We believe in the open internet and in keeping Reddit publicly accessible to foster human learning (...) Unfortunately, we see more and more entities using unauthorized access (...) especially with the rise of use cases like generative AI. This sort of misuse of public data has become more prominent as more and more platforms close themselves off from the open internet.
We still believe in an open internet, but we do not believe that third parties have a right to misuse public content just because it’s public.

Being a open/public platform, but still wanting to protect user's content from being used for AI could be a good thing, and I guess also what many fediverse users would want for this platform. Making a distinction between AI and search indexing could indeed be difficult. But then making content deals with Google for search indexing and AI training is a bit hypocrite.

We still believe in an open internet, but we do not believe that third parties have a right to misuse public content just because it’s public.

You need to pay us for the right to misuse our site's data!

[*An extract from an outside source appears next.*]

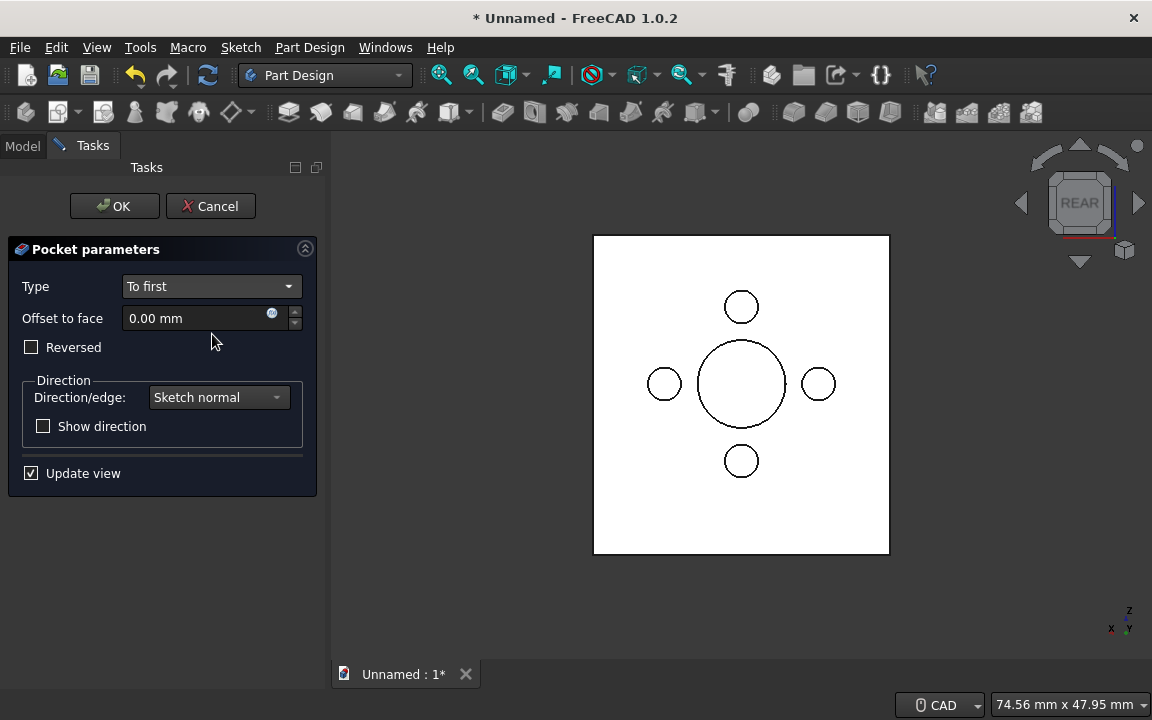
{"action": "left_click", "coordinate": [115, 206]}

I still don’t buy that protecting people’s content from being read by AI is a good thing. I think the fear of AI stealing our thunder or whatever by reading what we’ve written is overblown as a fear.

It's not a big deal... for now, because most of the time when I limit DDG results I ask for 1 year back (for solutions that are sort of recent but not ancient).

I would never limit results to just the last week, and typically posts that are that fresh won't have enough accumulated knowledge so even if they pop up on the results they're not really useful.

Again, that's just my experience. I'm curious if others have similar ones.

In 51 weeks, the decreasing usefulness of that search drops to zero. This is not about now; it's about the future.

And that comment is not about “what it’s about”. It’s about being curious. It’s incidental to the topic at hand.

True but It will become a bigger deal every passing day that is the problem.

I also wonder if search engine's will delist results after a period of time. If the site is blocking them. After all you don't want your top results to just be 404s all of the time.